Institutional design power parameters

Not all decision-making bodies are equally powerful. Even when the area of decision making is given, a decision-making body can be designed so as to wield a significant amount of independent power, or so as to be no more than a rubber stamp for decisions made elsewhere.

Here are some design parameters that impact the amount of independent power of a decision-making body:

  1. Most clearly, an advisory body is less powerful than a body whose decisions are binding.
  2. Period of member service: the shorter the service period, the less time members have to study the decision area and make an informed decision, the weaker is the body.
  3. Ad-hoc, or occasionally convened, bodies are more susceptible to manipulation than permanent, or regularly convened, bodies.
  4. Bodies with a mandate which was pre-determined by an outside political agent are less powerful than bodies that can set the political agenda.
  5. Among bodies with a pre-determined agenda, those that can merely select one of several pre-phrased proposed decisions are weaker than those that can write their own decisions.

Athens had allotted bodies of various types.

The Boule was the most powerful allotted body: it was a regularly convened body, in which members served for a year. It made binding decisions on various issues, including setting the political agenda for Assembly.

The Nomothetai were convened regularly and made binding decisions, but could only accept or veto decisions made by the Assembly, and had to make those decisions within a one-day session. Similarly, the Athenian courts made binding decisions within a one-day session but selected from a pre-set menu of decisions: they could acquit or convict and, if convicting,  select the punishment from a set of two options: the punishment suggested by the accuser and the punishment suggested by the defendant.

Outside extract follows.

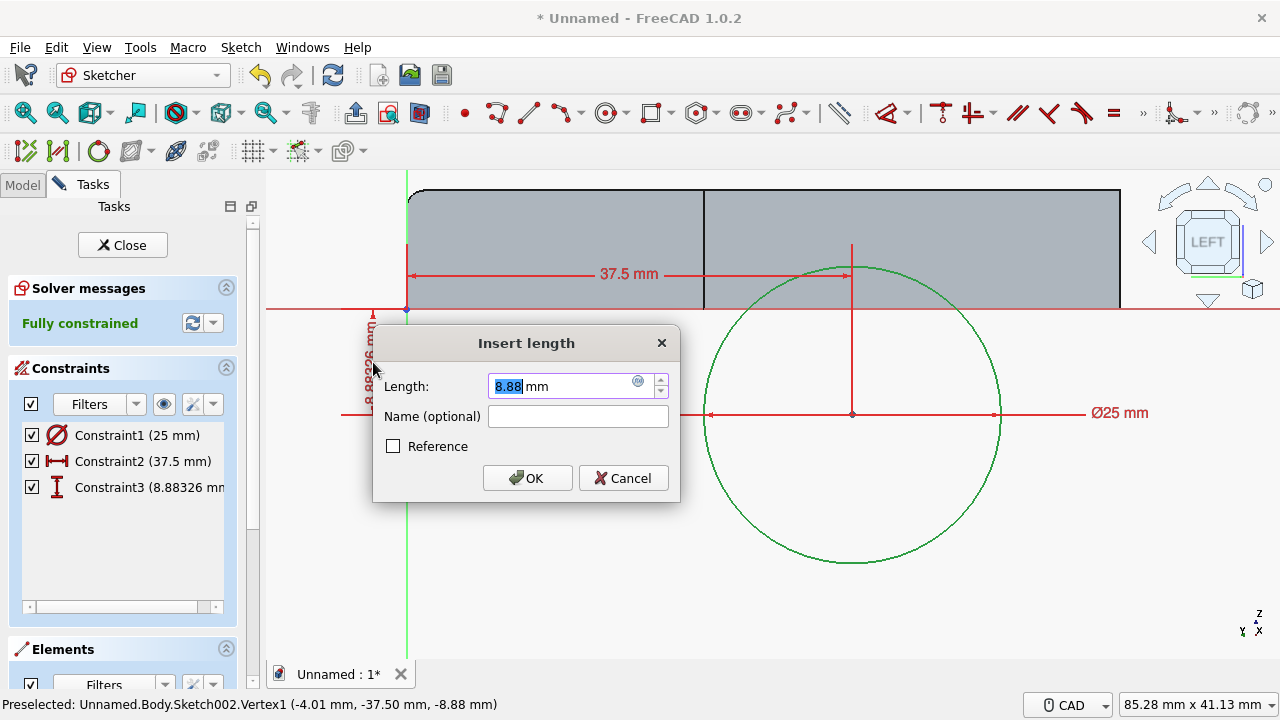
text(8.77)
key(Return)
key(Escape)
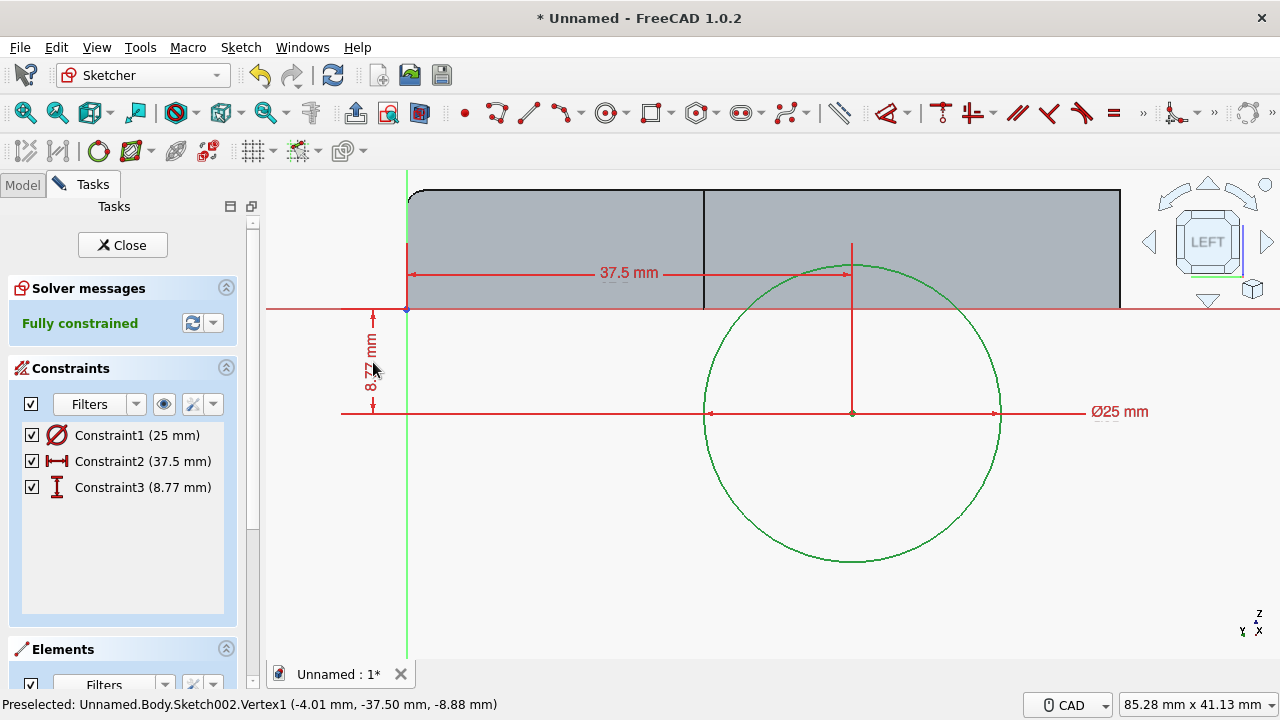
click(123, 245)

Modern sortition proposals range from the weak – Dahl’s advisory bodies, Fishkin’s Delibartive Polls and Leib’s Popular Branch – to the strong – Callenbach and Phillips’s Citizens’ Legislature. The former three would keep ultimate decision power in the hands of elected officials (and those political agents that influence them) while the latter would put significant political power in the hands of the allotted representatives.

Perhaps it is not too early to pay attention to such crucial distinctions.